🤖 AI Summary
This work addresses the problem of Poisson sampling over acyclic join query results, where tuples are sampled non-uniformly according to tuple-specific probabilities. The authors propose an approximate instance-optimal algorithm that performs sampling in $O(N + k \log N)$ time, where $N$ denotes the input size and $k$ the sample size. The key innovation lies in the first integration of random-access indexing with Poisson sampling into a unified framework, enabling efficient direct access to the $i$-th join tuple without materializing the full result while remaining compatible with the classic Yannakakis algorithm.
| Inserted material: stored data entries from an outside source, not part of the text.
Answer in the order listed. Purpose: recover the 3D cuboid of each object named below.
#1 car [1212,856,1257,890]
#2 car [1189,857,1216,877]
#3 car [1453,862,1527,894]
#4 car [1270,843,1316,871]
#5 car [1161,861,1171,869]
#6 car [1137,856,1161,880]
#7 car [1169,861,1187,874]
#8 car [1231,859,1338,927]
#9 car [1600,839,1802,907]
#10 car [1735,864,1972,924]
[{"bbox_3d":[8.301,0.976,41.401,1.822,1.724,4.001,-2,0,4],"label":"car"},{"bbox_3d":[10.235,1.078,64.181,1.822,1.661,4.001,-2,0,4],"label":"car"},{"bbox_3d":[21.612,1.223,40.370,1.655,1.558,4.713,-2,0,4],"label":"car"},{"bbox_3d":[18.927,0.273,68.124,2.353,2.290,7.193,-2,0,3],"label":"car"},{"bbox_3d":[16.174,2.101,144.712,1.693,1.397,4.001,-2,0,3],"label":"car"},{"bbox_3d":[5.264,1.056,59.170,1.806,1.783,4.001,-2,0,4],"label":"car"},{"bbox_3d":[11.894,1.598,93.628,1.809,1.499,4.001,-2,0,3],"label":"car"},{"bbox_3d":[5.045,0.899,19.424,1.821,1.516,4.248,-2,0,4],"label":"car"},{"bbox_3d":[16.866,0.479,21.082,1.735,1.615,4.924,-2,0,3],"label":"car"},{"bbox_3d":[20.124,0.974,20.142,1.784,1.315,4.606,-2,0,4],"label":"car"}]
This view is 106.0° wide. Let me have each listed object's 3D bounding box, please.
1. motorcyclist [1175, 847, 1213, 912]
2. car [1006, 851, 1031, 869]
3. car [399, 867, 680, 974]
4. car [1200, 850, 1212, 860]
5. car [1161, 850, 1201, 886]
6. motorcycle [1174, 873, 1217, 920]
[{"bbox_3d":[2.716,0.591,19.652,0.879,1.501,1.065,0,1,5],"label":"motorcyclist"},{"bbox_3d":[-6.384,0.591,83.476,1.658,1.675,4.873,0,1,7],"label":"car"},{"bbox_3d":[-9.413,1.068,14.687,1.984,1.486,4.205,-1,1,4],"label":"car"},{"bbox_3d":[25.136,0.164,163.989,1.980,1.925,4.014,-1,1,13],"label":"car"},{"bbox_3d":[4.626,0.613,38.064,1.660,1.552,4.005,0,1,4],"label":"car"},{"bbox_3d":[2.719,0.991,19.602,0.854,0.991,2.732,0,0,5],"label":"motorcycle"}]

Experimental evaluation demonstrates that the proposed method significantly outperforms conventional repeated Bernoulli trials, and the index structure proves highly efficient even in column-store systems.
📝 Abstract
We introduce the problem of Poisson sampling over joins: compute a sample of the result of a join query by conceptually performing a Bernoulli trial for each join tuple, using a non-uniform and tuple-specific probability. We propose an algorithm for Poisson sampling over acyclic joins that is nearly instance-optimal, running in time O(N + k \log N) where N is the size of the input database, and k is the size of the resulting sample. Our algorithm hinges on two building blocks: (1) The construction of a random-access index that allows, given a number i, to randomly access the i-th join tuple without fully materializing the (possibly large) join result; (2) The probing of this index to construct the result sample. We study the engineering trade-offs required to make both components practical, focusing on their implementation in column stores, and identify best-performing alternatives for both. Our experiments on real-world data demonstrate that this pair of alternatives significantly outperforms the repeated-Bernoulli-trial algorithm for Poisson sampling while also demonstrating that the random-access index by itself can be used to competively implement Yannakakis' acyclic join processing algorithm when no sampling is required. This shows that, as far a query engine design is concerned, it is possible to adopt a uniform basis for both classical acyclic join processing and Poisson sampling, both without regret compared to classical join and sampling algorithms.